The problem
Without the pictures, give every record again exactly.

::: Task inputs

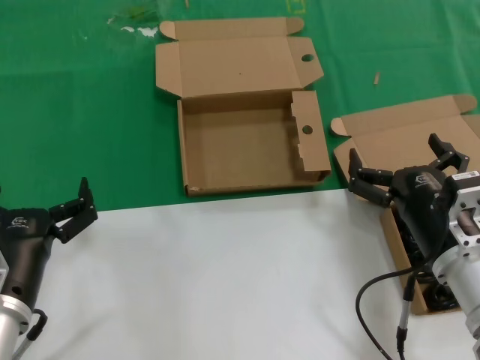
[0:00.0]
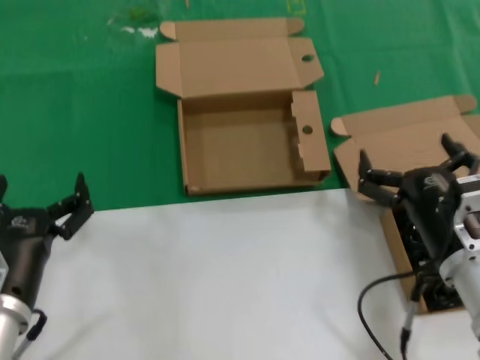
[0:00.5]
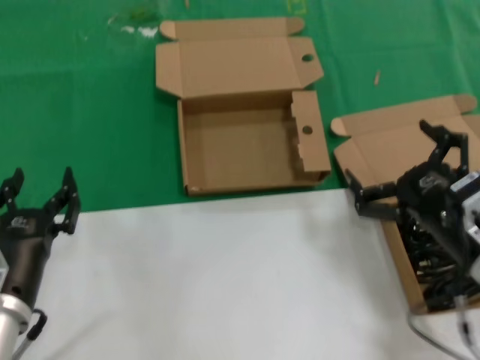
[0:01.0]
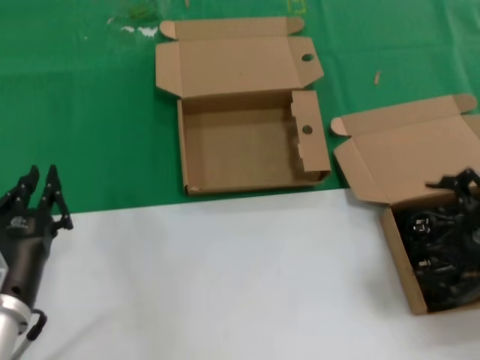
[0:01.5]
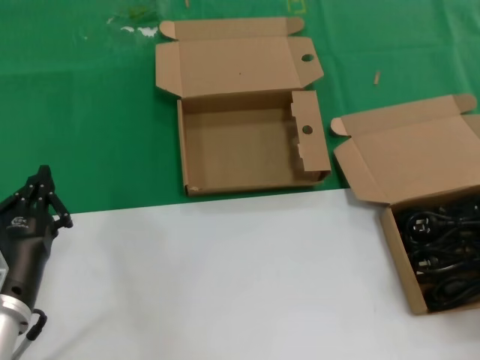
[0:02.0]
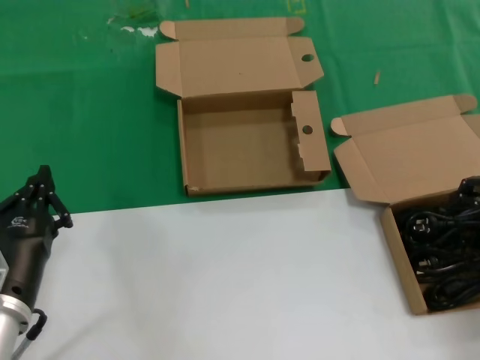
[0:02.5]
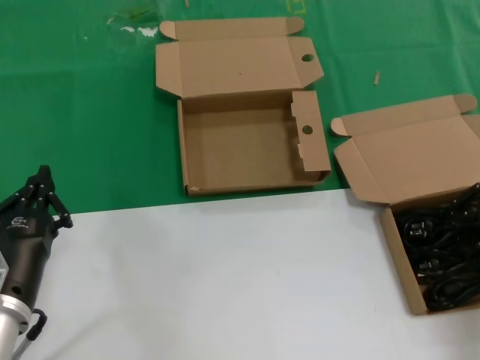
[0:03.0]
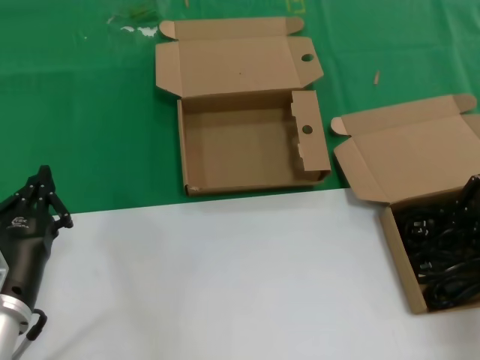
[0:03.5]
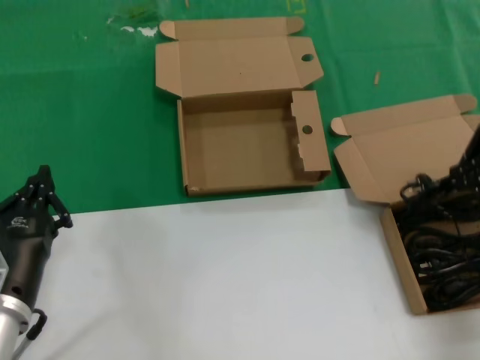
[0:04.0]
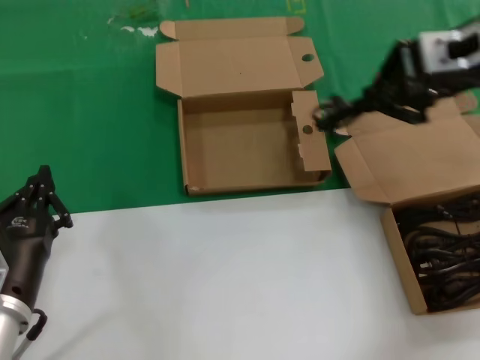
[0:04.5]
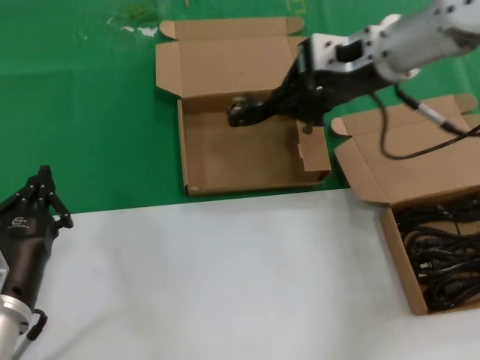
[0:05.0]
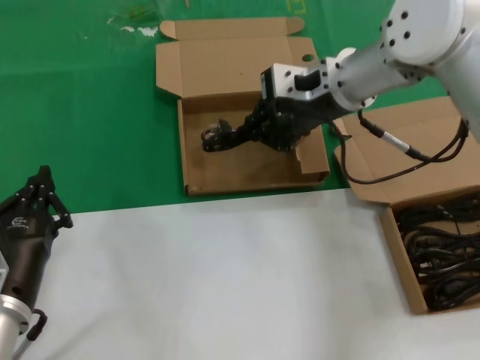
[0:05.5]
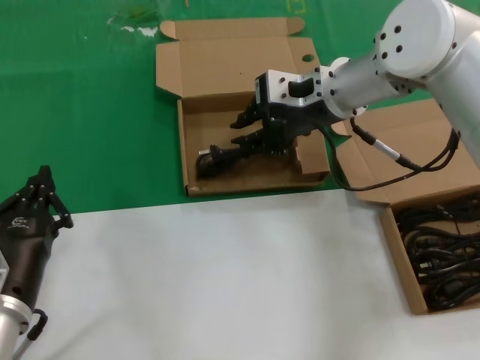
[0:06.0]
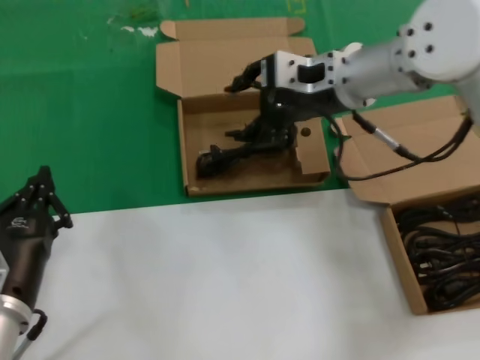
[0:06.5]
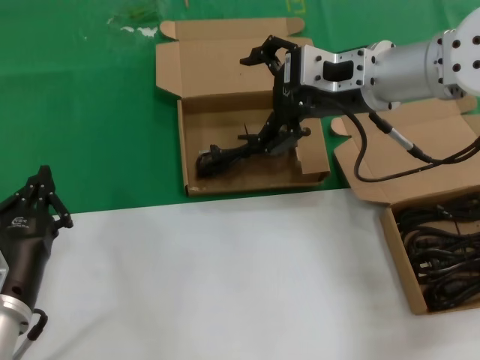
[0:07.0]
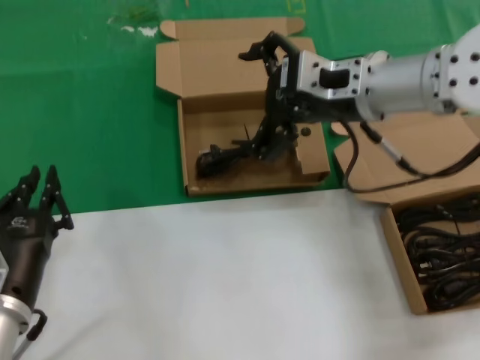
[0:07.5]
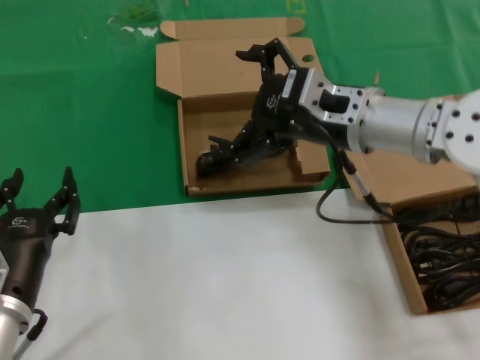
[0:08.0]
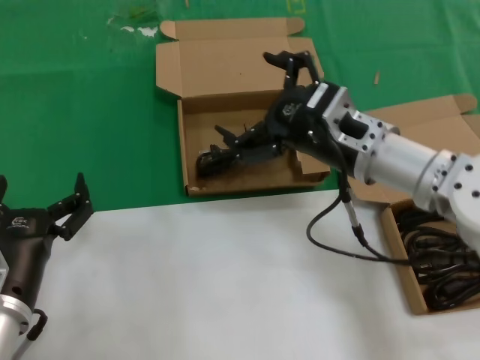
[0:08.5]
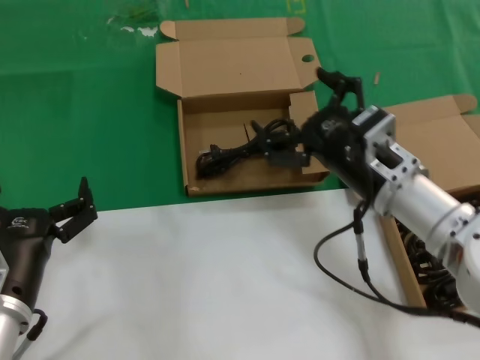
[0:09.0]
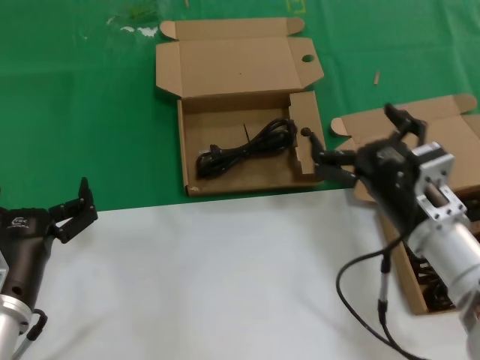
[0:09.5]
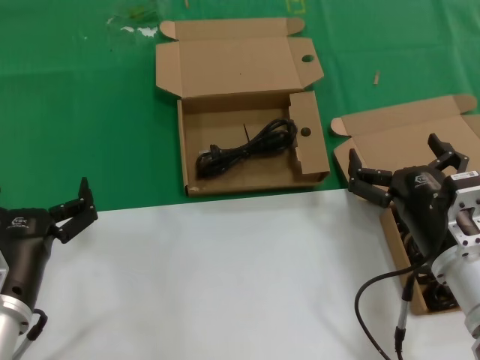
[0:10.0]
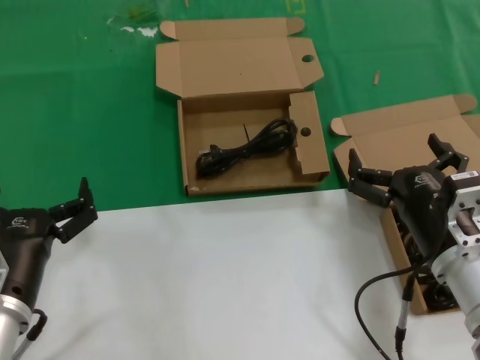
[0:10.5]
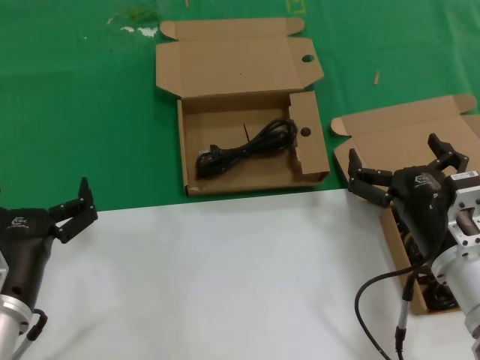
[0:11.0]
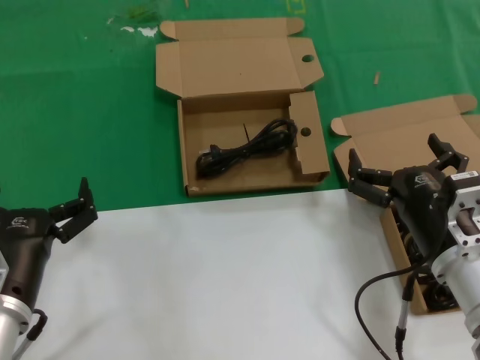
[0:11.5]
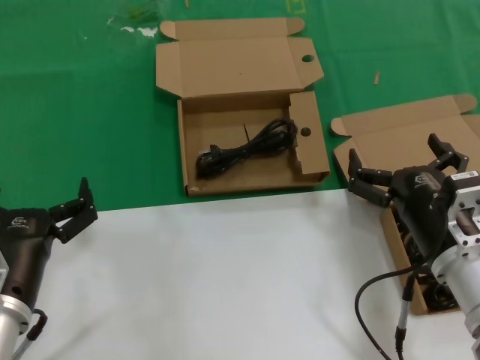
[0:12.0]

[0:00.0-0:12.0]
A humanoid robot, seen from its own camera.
Task of the whole recording: take the parts from the box containing them and put them into an empty box.
Step, 0:00.0 to 0:03.0: Grasp the data cable.
Step, 0:03.5 to 0:06.0: Place the data cable in the another box.
0:00.0 to 0:02.0: The right hand goes approximately 25 cm to the right and upward.
0:02.0 to 0:04.0: The right hand heads forward and upward, covering about 10 cm.
0:04.0 to 0:06.0: The right hand shifts about 25 cm to the left and forward.
0:06.0 to 0:08.0: The right hand goes about 10 cm backward.
0:08.0 to 0:10.0: The right hand travels downward and backward by approximately 20 cm.
0:10.0 to 0:12.0: Neither hand changes place.

::::::

Exercise answer
[0:00.0]
[0:00.5]
[0:01.0]
[0:01.5]
[0:02.0]
[0:02.5]
[0:03.0]
[0:03.5]
[0:04.0]
[0:04.5]
[0:05.0]
[0:05.5]
[0:06.0]
[0:06.5]
[0:07.0]
[0:07.5]
[0:08.0]
[0:08.5]
[0:09.0]
[0:09.5]
[0:10.0]
[0:10.5]
[0:11.0]
[0:11.5]
[0:12.0]

[0:00.0-0:12.0]
A humanoid robot, seen from its own camera.
Task of the whole recording: take the parts from the box containing them and put them into an empty box.
Step, 0:00.0 to 0:03.0: Grasp the data cable.
Step, 0:03.5 to 0:06.0: Place the data cable in the another box.
0:00.0 to 0:02.0: The right hand goes approximately 25 cm to the right and upward.
0:02.0 to 0:04.0: The right hand heads forward and upward, covering about 10 cm.
0:04.0 to 0:06.0: The right hand shifts about 25 cm to the left and forward.
0:06.0 to 0:08.0: The right hand goes about 10 cm backward.
0:08.0 to 0:10.0: The right hand travels downward and backward by approximately 20 cm.
0:10.0 to 0:12.0: Neither hand changes place.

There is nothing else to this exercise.